* EXERCISE PROMPT *
Leave the images aside and output every entry exactly.

* EXERCISE INPUTS *
* * *

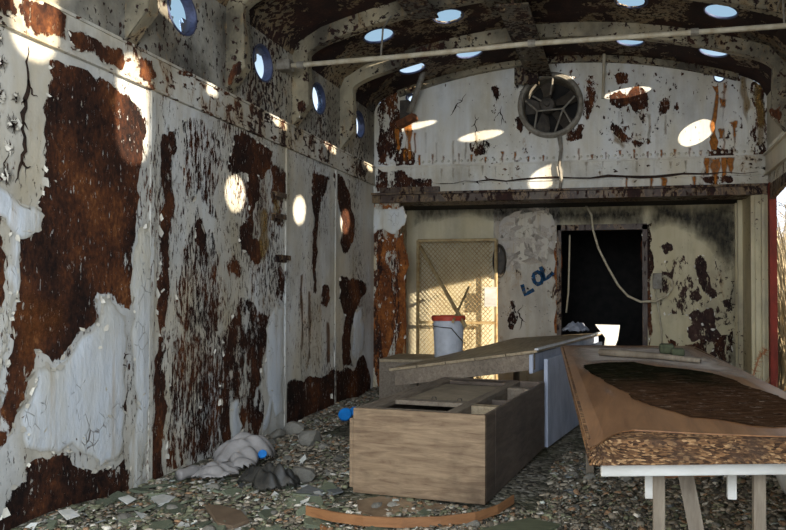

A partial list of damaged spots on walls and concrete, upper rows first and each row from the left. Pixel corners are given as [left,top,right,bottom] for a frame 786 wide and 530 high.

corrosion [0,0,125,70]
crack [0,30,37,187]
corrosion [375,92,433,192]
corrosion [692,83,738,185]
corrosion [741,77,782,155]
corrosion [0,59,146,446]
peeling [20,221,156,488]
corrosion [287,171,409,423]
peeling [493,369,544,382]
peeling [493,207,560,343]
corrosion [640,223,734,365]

* * *

* RESPONSE AREA *
A partial list of damaged spots on walls and concrete, upper rows first and each row from the left. Pixel corners are given as [left,top,right,bottom] for a frame 786 wide and 530 high.

corrosion [0,0,125,70]
crack [0,30,37,187]
corrosion [375,92,433,192]
corrosion [692,83,738,185]
corrosion [741,77,782,155]
corrosion [0,59,146,446]
peeling [20,221,156,488]
corrosion [287,171,409,423]
peeling [493,369,544,382]
peeling [493,207,560,343]
corrosion [640,223,734,365]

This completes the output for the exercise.